Heads or tails?


I'm a very psychosomatic person. Mental stress makes me physically tired, aches and pains stoke the flames of my, let's say it, excessively morbid sense of humor. Tonight's album review could go in two different directions, but if i'm gonna sell my soul at the crossroads of metaphor and hyperbole street, i'm also going to bore the devil with an extended analysis of how both paths are essentially the same and my perseverance along either hinges only on the mindset from which i choose to approach them.

I go through periods of loving and hating both Marilyn Manson and Social Distortion. They can be exactly what i want to hear, or they can come across as total poser hacks who i have to ignore for a while. They both wear makeup.

Marilyn Manson is essentially a protege of Trent Reznor but fails to be either metal or industrial at almost every turn, and Mike Ness can't decide if he's a greaser, or a hick, or a gangster, but he's really just a grungy version of all of them. What i'm saying is they are both potentially enjoyable and have their moments of amazing, but as franchises they might as well be the third Matrix movie: if you paid me to care, i'd say "pass."

I saw Marilyn Manson in concert for Antichrist Superstar with my friend Vinh, which means i stood in the parking lot of the state fairgrounds for an hour waiting to get overly frisked by security, yelled at by activists, squeezed like a sardine in a sea of sweaty goth kids, have my poster stolen by a 12 year old who could run surprisingly fast, and get called a heathen the next day in algebra. Fun times.

I haven't seen Social Distortion except for old video footage.

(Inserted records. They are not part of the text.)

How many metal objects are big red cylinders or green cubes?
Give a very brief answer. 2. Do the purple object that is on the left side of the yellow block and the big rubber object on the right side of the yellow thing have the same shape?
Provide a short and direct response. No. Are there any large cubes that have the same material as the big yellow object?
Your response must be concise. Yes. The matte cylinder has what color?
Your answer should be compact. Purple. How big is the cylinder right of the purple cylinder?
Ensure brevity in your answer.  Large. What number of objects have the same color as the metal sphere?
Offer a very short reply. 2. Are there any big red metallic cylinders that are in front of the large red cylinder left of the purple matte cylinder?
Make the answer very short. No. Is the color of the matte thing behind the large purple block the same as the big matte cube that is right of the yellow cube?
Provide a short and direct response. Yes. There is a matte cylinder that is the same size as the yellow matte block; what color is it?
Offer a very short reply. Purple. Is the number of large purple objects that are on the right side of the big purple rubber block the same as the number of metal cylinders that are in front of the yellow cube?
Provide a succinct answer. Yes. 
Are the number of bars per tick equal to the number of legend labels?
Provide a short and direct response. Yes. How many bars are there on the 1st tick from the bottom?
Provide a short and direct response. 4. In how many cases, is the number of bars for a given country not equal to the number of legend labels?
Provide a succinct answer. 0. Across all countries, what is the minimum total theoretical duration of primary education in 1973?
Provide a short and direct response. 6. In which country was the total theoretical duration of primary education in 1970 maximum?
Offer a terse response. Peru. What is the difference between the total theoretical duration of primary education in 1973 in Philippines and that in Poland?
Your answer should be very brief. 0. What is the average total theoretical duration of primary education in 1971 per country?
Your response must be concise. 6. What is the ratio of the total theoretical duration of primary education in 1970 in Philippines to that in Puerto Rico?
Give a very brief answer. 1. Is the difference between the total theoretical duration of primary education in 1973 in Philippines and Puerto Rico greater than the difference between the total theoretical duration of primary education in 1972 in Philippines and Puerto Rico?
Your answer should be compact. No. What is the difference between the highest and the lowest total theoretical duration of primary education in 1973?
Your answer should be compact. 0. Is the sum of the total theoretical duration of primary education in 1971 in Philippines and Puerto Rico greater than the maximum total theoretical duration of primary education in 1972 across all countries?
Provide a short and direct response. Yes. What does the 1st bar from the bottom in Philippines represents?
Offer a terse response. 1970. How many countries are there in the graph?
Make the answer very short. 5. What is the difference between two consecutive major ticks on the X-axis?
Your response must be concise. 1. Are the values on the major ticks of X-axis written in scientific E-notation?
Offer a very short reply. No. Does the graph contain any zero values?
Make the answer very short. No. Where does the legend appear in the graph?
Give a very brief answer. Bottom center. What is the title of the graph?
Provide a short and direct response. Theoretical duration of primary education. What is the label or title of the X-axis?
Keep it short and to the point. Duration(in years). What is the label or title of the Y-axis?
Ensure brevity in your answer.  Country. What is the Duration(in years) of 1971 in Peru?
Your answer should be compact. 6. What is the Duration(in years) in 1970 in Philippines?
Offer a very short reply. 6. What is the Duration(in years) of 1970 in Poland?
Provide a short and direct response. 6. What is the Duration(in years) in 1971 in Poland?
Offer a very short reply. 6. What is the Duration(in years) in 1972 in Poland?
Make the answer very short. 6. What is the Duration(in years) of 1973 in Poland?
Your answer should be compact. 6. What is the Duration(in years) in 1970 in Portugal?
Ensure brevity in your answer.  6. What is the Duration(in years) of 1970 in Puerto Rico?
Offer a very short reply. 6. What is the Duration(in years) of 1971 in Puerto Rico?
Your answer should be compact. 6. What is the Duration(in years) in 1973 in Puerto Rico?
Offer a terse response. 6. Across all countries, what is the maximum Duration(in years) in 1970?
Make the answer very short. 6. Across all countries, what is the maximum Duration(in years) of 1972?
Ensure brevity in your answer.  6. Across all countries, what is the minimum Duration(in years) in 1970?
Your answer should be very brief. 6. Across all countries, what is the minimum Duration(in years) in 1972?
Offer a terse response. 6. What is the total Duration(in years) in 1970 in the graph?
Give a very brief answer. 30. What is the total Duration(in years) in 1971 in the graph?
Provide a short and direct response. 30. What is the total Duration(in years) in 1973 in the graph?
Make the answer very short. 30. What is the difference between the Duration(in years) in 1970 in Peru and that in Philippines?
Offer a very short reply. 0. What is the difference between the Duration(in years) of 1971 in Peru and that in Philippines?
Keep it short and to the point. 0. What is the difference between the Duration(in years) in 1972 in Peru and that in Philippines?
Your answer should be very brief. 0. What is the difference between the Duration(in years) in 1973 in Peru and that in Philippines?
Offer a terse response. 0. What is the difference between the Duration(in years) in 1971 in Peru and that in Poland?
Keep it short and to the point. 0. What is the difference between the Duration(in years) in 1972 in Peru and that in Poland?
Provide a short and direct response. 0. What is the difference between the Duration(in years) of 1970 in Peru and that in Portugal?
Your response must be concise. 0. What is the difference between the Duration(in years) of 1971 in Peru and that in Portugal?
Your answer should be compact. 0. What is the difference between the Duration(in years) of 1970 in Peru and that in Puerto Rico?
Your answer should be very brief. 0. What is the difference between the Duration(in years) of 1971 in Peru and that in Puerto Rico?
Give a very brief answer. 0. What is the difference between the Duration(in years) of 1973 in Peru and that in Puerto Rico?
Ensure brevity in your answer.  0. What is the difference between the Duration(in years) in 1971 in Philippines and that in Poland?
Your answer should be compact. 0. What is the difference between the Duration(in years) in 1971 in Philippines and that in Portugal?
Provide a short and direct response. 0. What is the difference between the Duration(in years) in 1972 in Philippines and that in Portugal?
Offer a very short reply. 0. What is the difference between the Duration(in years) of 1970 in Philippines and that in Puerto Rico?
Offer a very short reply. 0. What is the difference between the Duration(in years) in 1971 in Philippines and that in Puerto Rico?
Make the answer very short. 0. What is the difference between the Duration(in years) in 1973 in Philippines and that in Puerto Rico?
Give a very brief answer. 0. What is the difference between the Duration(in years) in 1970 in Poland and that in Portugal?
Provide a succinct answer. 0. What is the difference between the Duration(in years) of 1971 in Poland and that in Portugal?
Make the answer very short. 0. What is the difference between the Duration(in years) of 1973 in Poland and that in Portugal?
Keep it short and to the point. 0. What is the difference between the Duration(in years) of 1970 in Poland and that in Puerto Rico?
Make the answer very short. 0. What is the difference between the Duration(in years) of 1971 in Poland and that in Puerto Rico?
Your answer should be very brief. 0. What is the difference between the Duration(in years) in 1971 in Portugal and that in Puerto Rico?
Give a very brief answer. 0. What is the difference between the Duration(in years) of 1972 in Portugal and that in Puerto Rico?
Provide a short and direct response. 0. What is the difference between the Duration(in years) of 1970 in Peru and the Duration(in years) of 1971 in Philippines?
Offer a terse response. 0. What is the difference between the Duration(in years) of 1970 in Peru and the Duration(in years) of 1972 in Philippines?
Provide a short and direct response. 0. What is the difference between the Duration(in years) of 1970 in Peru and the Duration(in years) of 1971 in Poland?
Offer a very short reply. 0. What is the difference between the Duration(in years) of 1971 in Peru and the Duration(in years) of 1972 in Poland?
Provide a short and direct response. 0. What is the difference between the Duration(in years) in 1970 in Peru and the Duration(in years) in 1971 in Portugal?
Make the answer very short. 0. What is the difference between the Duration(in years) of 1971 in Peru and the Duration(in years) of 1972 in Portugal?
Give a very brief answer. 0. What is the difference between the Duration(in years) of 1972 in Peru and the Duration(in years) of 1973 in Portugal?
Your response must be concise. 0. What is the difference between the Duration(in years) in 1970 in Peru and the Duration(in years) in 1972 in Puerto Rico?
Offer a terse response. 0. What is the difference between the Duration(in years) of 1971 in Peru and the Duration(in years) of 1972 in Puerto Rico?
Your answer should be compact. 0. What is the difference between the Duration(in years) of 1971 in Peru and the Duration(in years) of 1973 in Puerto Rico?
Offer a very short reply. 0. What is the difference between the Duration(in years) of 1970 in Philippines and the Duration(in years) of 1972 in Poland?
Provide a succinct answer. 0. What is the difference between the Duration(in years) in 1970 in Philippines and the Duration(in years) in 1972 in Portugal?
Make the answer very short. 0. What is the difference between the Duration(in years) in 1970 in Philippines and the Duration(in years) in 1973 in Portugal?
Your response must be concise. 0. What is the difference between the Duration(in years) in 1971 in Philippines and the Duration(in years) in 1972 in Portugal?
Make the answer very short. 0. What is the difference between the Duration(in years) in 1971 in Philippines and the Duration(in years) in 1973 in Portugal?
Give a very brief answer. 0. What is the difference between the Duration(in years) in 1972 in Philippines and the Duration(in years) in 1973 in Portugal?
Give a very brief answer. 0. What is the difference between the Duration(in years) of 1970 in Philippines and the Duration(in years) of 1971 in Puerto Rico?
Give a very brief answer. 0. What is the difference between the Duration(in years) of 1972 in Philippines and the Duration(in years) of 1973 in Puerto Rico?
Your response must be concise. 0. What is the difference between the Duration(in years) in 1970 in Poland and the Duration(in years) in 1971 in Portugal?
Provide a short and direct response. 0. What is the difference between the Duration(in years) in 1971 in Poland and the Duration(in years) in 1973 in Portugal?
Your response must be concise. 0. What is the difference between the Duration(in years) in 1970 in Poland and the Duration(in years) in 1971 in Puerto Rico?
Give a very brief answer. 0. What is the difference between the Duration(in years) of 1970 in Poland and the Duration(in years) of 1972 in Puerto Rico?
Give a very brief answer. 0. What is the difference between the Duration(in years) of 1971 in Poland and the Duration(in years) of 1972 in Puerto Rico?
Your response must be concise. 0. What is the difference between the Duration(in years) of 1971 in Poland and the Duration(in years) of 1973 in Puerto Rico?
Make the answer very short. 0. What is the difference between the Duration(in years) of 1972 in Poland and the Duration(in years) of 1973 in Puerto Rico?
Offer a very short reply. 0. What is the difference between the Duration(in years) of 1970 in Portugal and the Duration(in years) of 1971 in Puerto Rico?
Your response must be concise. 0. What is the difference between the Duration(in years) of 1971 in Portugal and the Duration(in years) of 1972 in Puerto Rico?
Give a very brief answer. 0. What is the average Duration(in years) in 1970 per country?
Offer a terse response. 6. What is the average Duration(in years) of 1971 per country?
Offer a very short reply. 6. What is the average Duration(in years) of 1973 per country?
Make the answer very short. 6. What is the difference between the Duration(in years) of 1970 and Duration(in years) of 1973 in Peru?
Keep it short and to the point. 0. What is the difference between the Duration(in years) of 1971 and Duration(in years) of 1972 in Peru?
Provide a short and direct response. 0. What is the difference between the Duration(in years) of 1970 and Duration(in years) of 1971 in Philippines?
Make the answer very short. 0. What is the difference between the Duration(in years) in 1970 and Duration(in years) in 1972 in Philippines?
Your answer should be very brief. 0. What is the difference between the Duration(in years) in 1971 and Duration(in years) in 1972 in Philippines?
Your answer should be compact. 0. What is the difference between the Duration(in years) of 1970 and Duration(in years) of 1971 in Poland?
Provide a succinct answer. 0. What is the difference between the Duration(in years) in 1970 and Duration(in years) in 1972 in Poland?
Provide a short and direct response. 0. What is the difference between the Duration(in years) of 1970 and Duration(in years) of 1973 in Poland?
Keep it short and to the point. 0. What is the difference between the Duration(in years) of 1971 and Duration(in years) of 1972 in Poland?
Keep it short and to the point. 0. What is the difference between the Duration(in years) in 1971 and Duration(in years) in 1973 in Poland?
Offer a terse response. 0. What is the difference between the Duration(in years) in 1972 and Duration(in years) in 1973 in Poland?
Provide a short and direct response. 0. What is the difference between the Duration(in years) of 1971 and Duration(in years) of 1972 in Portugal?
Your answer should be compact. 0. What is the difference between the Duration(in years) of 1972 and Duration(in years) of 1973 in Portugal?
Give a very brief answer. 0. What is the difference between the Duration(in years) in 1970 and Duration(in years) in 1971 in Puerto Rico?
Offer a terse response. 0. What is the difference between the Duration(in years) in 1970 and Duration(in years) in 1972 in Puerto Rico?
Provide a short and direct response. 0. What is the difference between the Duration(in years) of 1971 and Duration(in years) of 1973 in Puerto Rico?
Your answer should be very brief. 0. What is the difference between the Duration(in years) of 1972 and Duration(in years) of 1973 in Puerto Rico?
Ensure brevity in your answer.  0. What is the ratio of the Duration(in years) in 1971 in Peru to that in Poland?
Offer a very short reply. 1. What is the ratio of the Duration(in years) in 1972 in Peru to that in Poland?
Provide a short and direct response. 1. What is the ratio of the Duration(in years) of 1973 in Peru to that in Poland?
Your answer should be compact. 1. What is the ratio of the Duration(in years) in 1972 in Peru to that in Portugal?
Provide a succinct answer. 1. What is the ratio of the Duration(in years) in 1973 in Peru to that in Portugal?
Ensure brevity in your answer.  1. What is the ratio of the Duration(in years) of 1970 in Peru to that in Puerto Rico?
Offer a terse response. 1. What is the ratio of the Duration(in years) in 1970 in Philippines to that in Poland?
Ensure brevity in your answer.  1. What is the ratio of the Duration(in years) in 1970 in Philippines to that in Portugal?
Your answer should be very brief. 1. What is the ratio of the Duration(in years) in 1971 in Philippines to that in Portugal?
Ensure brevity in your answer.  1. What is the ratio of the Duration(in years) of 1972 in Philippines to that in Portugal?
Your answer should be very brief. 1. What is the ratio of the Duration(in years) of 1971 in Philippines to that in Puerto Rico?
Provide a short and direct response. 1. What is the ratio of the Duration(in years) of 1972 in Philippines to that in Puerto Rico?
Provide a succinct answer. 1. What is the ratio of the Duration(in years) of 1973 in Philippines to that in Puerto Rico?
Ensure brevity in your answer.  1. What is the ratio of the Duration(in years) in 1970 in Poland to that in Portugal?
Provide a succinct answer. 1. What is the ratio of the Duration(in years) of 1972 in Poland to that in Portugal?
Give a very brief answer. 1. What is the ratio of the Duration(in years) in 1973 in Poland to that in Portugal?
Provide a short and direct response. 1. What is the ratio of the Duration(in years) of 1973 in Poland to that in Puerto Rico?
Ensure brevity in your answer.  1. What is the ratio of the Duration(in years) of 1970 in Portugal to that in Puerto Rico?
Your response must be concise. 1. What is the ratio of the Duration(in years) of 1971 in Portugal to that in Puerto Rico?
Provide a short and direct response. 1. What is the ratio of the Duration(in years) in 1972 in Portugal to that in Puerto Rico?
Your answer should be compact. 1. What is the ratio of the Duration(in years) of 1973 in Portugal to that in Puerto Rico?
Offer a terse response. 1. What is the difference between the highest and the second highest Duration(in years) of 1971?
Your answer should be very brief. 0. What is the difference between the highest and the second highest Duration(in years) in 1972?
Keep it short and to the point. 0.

Manson is a commercialized exaggeration of my thing, he's the shock-rock imitation pancake syrup of industrial, but my palate demands actual boiled sap from a maple tree harvested in a galvanized bucket from a real forest in Canada.

Mike Ness strikes me as the Billy Idol of Rockabilly. Or like if Johnny Cash were Emo. Give me the Stray Cats or Reverend Horton Heat any day of the week.

I'm not gonna stand here and say that's fair, but  don't throw the tomatoes so hard that i can't slice them up for a sandwich later.

Musically and lyrically, both these albums are great. If this was it from either of them i'd be perfectly happy. But they aren't. The things they did before them are better. The things they did after are corporate franchise work disguised as artistic license. These are two of the very, very few albums i bought as a demographic, and i traded most of that stuff for cash to pay off my first round of credit card debt. I'm not saying that's the source of my bipolar opinion of either band, but i am saying it's real when i listen to them and sometimes i just can't ignore it.

There i go, walking across the median after punching satan in the nuts. Bonus points if you can tell me the year they were published without looking it up.